“With only twenty millions of coin, and three or four hundred millions of circulating paper, public and private, nothing is necessary but a general panic, produced either by failures, invasions, or any other cause, and the whole visionary fabric vanishes into air, and shows that paper is poverty, that it is only the ghost of money, and not money itself.”
Thomas Jefferson, Letter to Edward Carrington, 1788
“People criticize owning bullion because there’s no yield. But there’s a reason everything else needs a yield, to compensate you for things like obsolescence risk, business-cycle risk and management risk, all of the things that gold does not have.
We’re not gold bugs, but there’s a reason humanity has tended to use gold as an alternative to man-made currency – it’s the only virtually infinite-duration asset in the world.”

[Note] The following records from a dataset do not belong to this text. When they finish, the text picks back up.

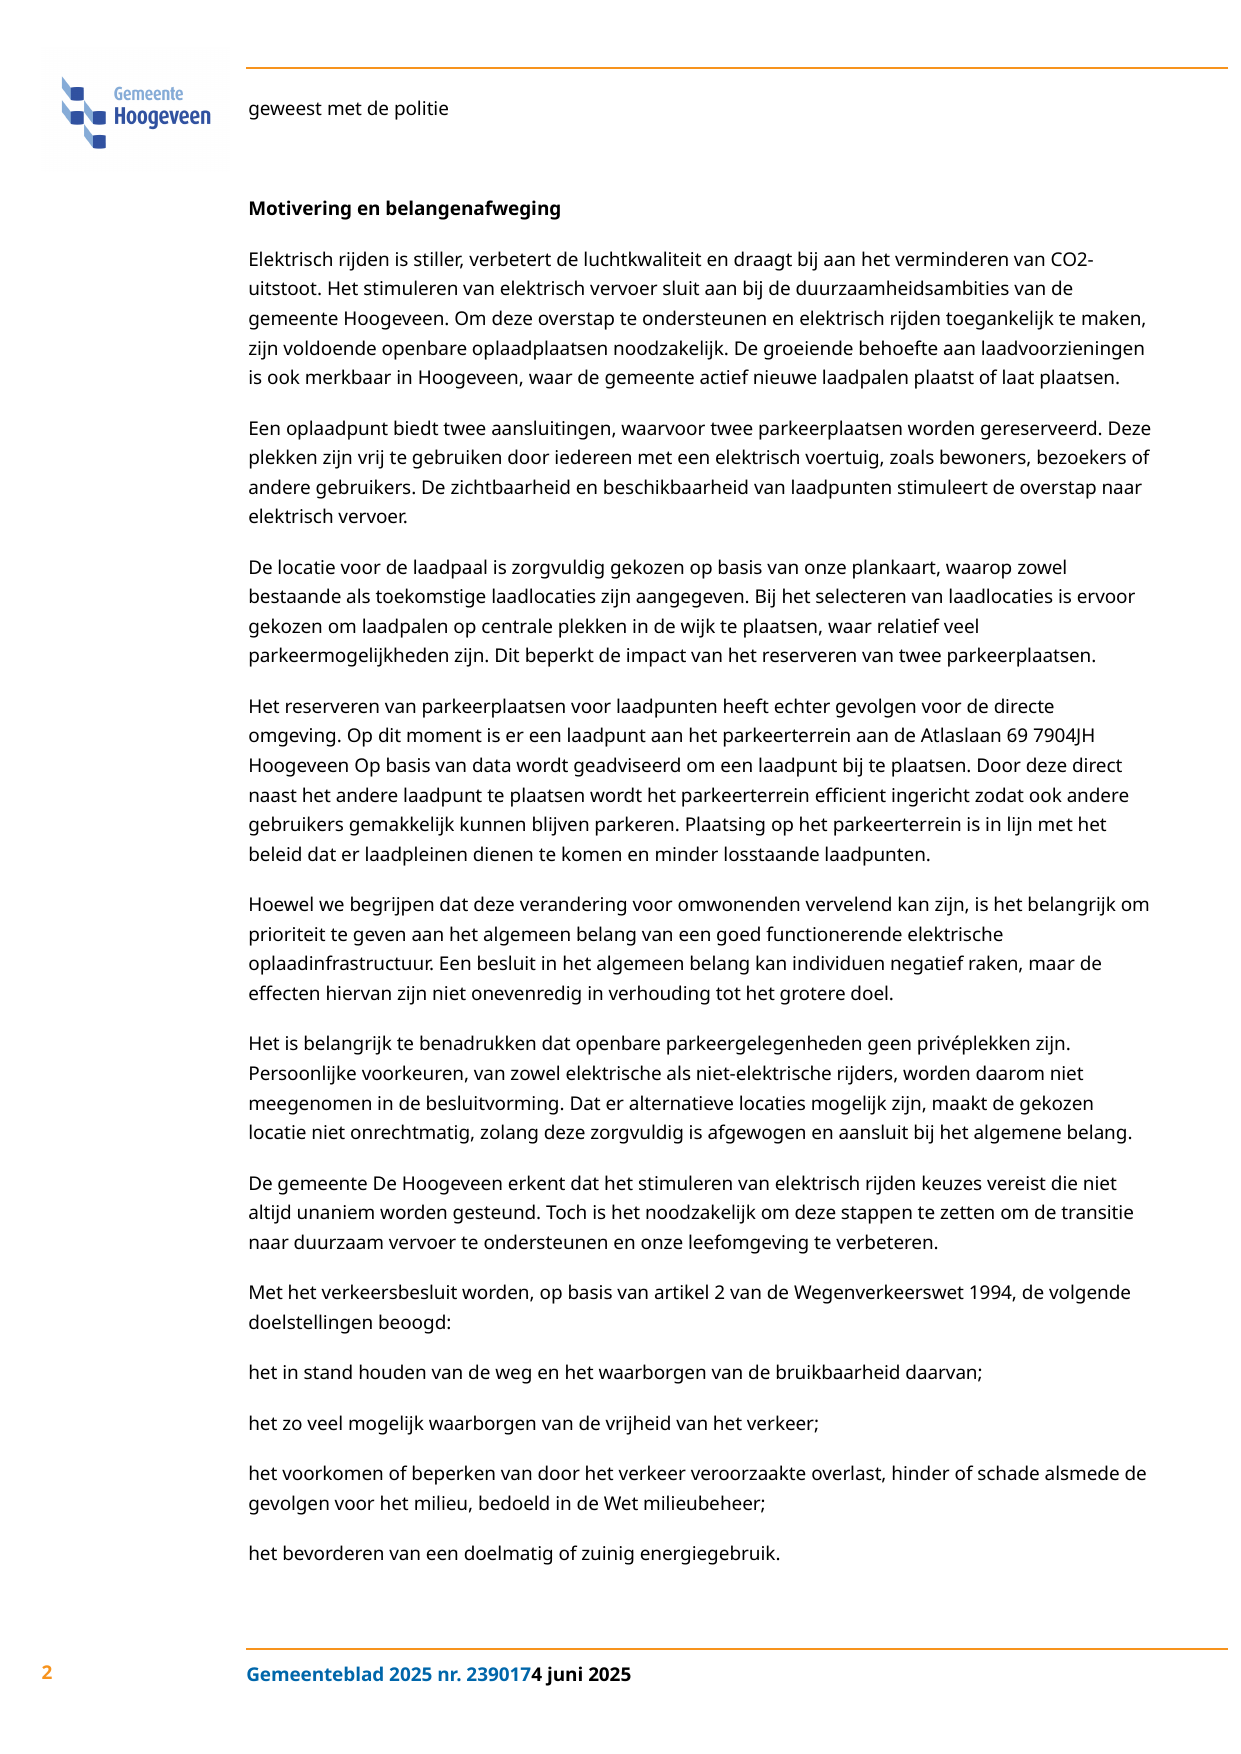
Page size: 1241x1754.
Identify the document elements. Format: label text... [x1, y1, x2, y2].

text Het is belangrijk te benadrukken dat openbare parkeergelegenheden geen privéplekken zijn. Persoonlijke voorkeuren, van zowel elektrische als niet-elektrische rijders, worden daarom niet meegenomen in de besluitvorming. Dat er alternatieve locaties mogelijk zijn, maakt de gekozen locatie niet onrechtmatig, zolang deze zorgvuldig is afgewogen en aansluit bij het algemene belang. [248, 1031, 1152, 1145]
text Elektrisch rijden is stiller, verbetert de luchtkwaliteit en draagt bij aan het verminderen van CO2-uitstoot. Het stimuleren van elektrisch vervoer sluit aan bij de duurzaamheidsambities van de gemeente Hoogeveen. Om deze overstap te ondersteunen en elektrisch rijden toegankelijk te maken, zijn voldoende openbare oplaadplaatsen noodzakelijk. De groeiende behoefte aan laadvoorzieningen is ook merkbaar in Hoogeveen, waar de gemeente actief nieuwe laadpalen plaatst of laat plaatsen. [248, 246, 1152, 390]
text het in stand houden van de weg en het waarborgen van de bruikbaarheid daarvan; [248, 1359, 1152, 1385]
text Met het verkeersbesluit worden, op basis van artikel 2 van de Wegenverkeerswet 1994, de volgende doelstellingen beoogd: [248, 1279, 1152, 1335]
text Hoewel we begrijpen dat deze verandering voor omwonenden vervelend kan zijn, is het belangrijk om prioriteit te geven aan het algemeen belang van een goed functionerende elektrische oplaadinfrastructuur. Een besluit in het algemeen belang kan individuen negatief raken, maar de effecten hiervan zijn niet onevenredig in verhouding tot het grotere doel. [248, 891, 1152, 1006]
text het zo veel mogelijk waarborgen van de vrijheid van het verkeer; [248, 1410, 1152, 1436]
text het bevorderen van een doelmatig of zuinig energiegebruik. [248, 1540, 1152, 1566]
text geweest met de politie [248, 95, 1152, 121]
text Een oplaadpunt biedt twee aansluitingen, waarvoor twee parkeerplaatsen worden gereserveerd. Deze plekken zijn vrij te gebruiken door iedereen met een elektrisch voertuig, zoals bewoners, bezoekers of andere gebruikers. De zichtbaarheid en beschikbaarheid van laadpunten stimuleert de overstap naar elektrisch vervoer. [248, 415, 1152, 529]
picture [41, 47, 231, 172]
text Het reserveren van parkeerplaatsen voor laadpunten heeft echter gevolgen voor de directe omgeving. Op dit moment is er een laadpunt aan het parkeerterrein aan de Atlaslaan 69 7904JH Hoogeveen Op basis van data wordt geadviseerd om een laadpunt bij te plaatsen. Door deze direct naast het andere laadpunt te plaatsen wordt het parkeerterrein efficient ingericht zodat ook andere gebruikers gemakkelijk kunnen blijven parkeren. Plaatsing op het parkeerterrein is in lijn met het beleid dat er laadpleinen dienen te komen en minder losstaande laadpunten. [248, 693, 1152, 867]
text De locatie voor de laadpaal is zorgvuldig gekozen op basis van onze plankaart, waarop zowel bestaande als toekomstige laadlocaties zijn aangegeven. Bij het selecteren van laadlocaties is ervoor gekozen om laadpalen op centrale plekken in de wijk te plaatsen, waar relatief veel parkeermogelijkheden zijn. Dit beperkt de impact van het reserveren van twee parkeerplaatsen. [248, 554, 1152, 668]
text De gemeente De Hoogeveen erkent dat het stimuleren van elektrisch rijden keuzes vereist die niet altijd unaniem worden gesteund. Toch is het noodzakelijk om deze stappen te zetten om de transitie naar duurzaam vervoer te ondersteunen en onze leefomgeving te verbeteren. [248, 1170, 1152, 1255]
text Motivering en belangenafweging [248, 196, 1152, 221]
text het voorkomen of beperken van door het verkeer veroorzaakte overlast, hinder of schade alsmede de gevolgen voor het milieu, bedoeld in de Wet milieubeheer; [248, 1460, 1152, 1516]

Matthew McLennan, First Eagle Funds
The whole spectacle of the health of the global economy pirouetting on the decision of an American Banker, or perhaps more properly, the Viceroy of Wall Street, on whether to symbolically raise a benchmark interest rate, tied to an avalanche of internationally distributed paper claim checks for conceptual ephemera and political promises, must be one of the oddest things that we have come to take for granted in our modern society today. Even moreso than the atavistic significance of the merely human, in an age when soulless, corporate behemoths freely roam across the land and the seas.
At the height of the British Empire, it is not clear that even the dowager Queen Victoria held that sort of whimsical power. This sort of individual discretion is more reminiscent of the barbarity of former ages, of pharaonic Egypt, of the Mongol hordes, or of the cults of the dark gods that fed on beating hearts torn from human sacrifices.
Such is the power of the modern religion of the markets, and with those who would displace God to make way for the overheated imaginings of their restless wills and fancies.